Data Structures and Algorithms

Data Structures and Algorithms Dr. Ken Cosh Sorting

Review • Recursion • Tail Recursion • Non-tail Recursion • Indirect Recursion • Nested Recursion • Excessive Recursion

This week • Sorting Algorithms • The efficiency of many algorithms depends on the way data is stored. • Most data structures can be improved by ordering the data structure in some way. • This week we will investigate different approaches to sorting data.
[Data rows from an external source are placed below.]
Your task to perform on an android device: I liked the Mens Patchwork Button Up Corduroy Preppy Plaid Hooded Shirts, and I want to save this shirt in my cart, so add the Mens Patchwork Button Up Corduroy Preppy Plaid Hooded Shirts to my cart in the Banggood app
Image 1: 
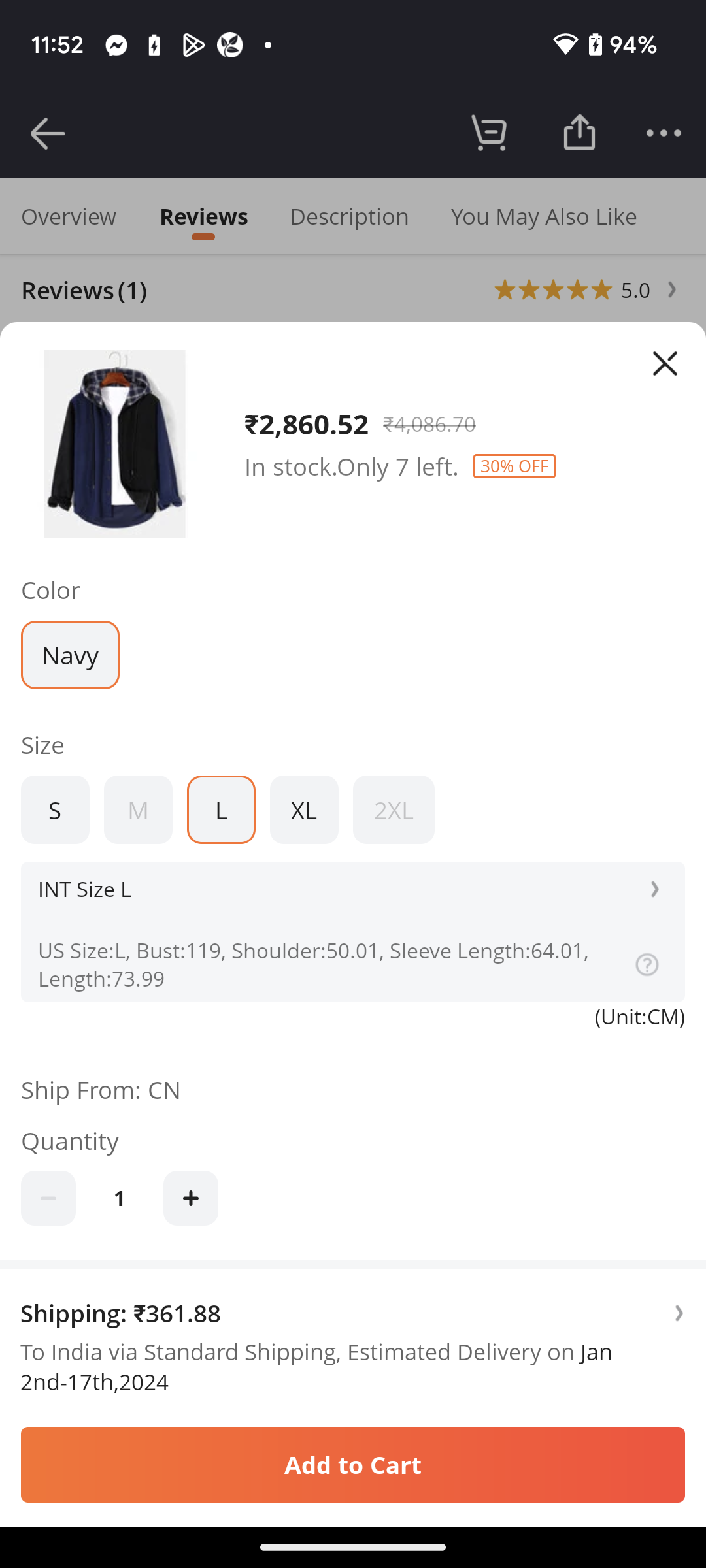
Click on the L option to select the size of the shirt.
Step 1: click (220, 809)
Image 2: 
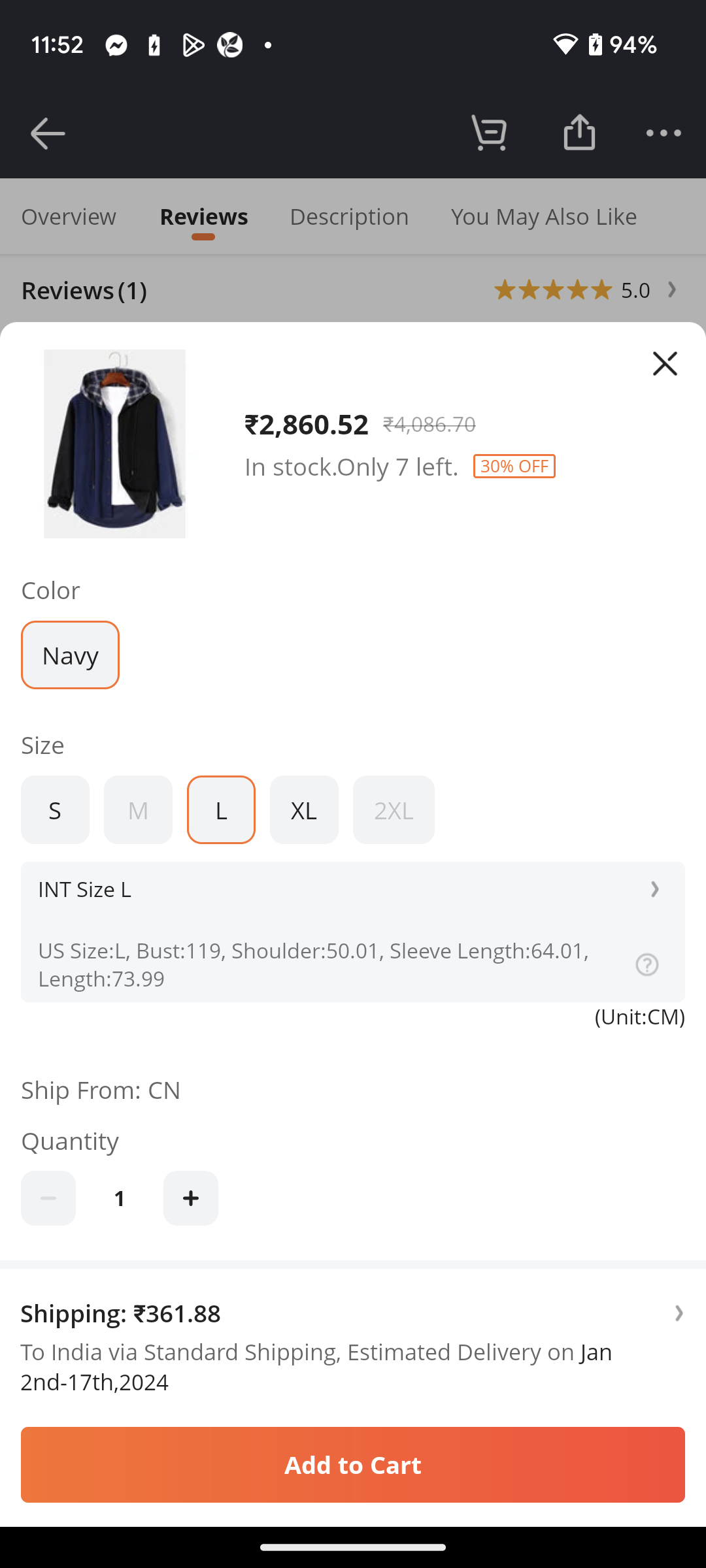
Click on the Add to Cart button at the bottom of the screen to save this shirt in my cart
Step 2: click (352, 1465)
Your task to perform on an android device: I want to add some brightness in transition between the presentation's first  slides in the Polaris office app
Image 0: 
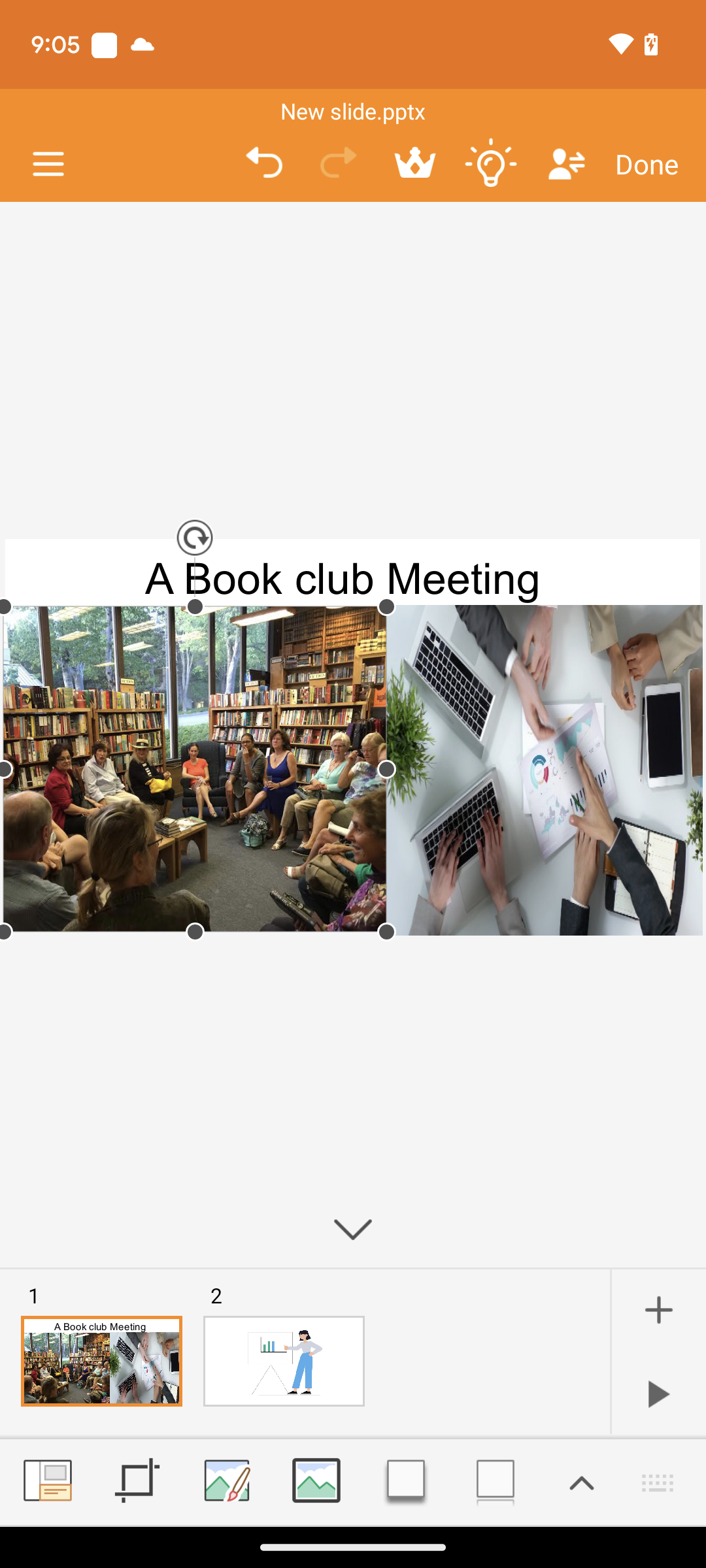
Click on the up side arrow 
Step 0: click (584, 1481)
Image 1: 
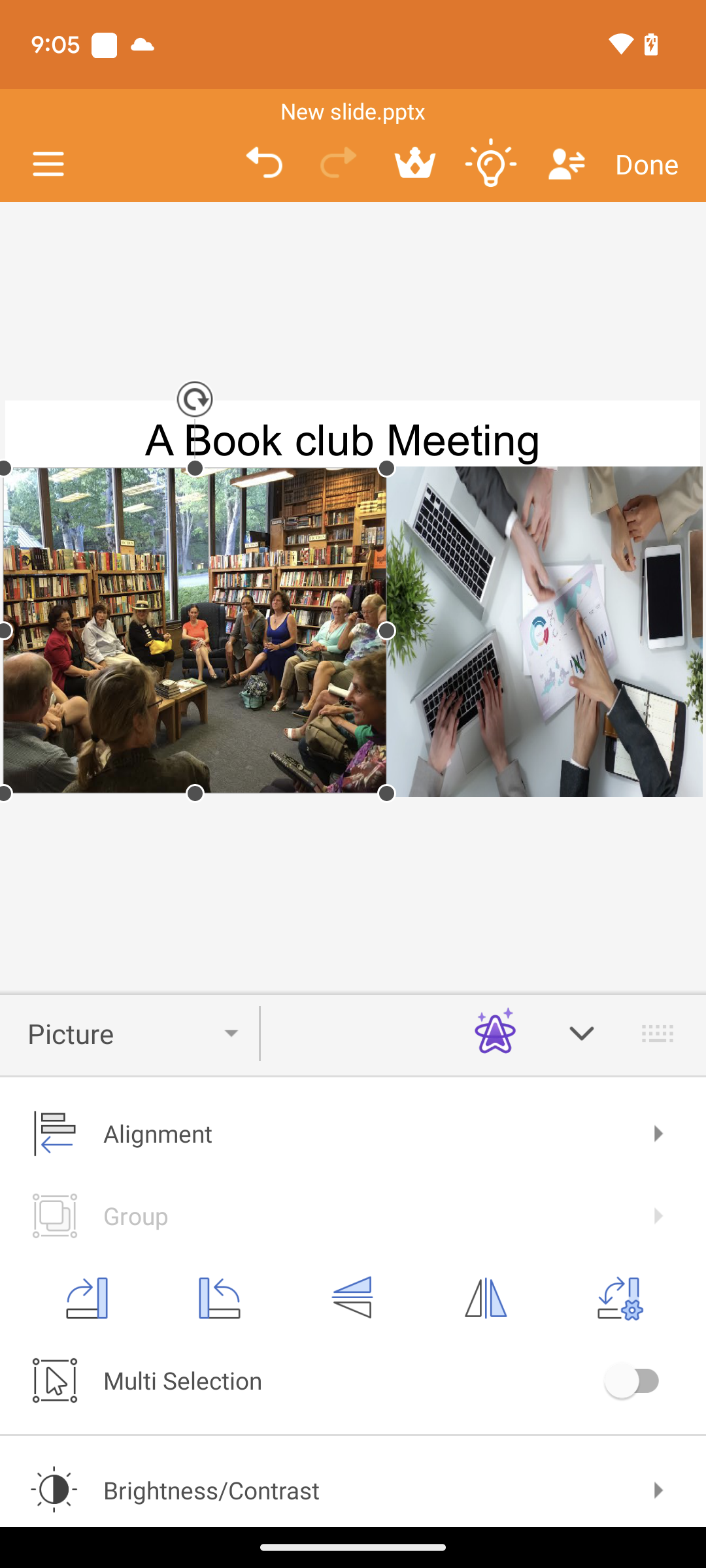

Sorting Criteria • The first step is to decide what to sort by; • numerical • alphabetical • ASCII codes

Algorithm Measures • Best Case • Often when data already sorted • Worst Case • Data completely disorganised, or in reverse order. • Average Case • Random order • Some sorting algorithms are the same for all three cases, others can be tailored to suit certain cases.

Sorting Algorithms • Sorting Algorithms are generally comprised of ‘comparisons’ and ‘movements’. • If the data being sorted is complicated (strings for example), then the comparison part can be more expensive. • If the data items are large, then the movement part can be more expensive.

Elementary Sorting Algorithms • First lets investigate 3 elementary sorting algorithms; • Insertion Sort • Selection Sort • Bubble Sort

Insertion Sort • Insertion sort starts with the first two elements, and compares them; • a[0] < a[1] ? • If necessary it will swap them. • Next the 3rd element is compared and positioned, and then the 4th etc.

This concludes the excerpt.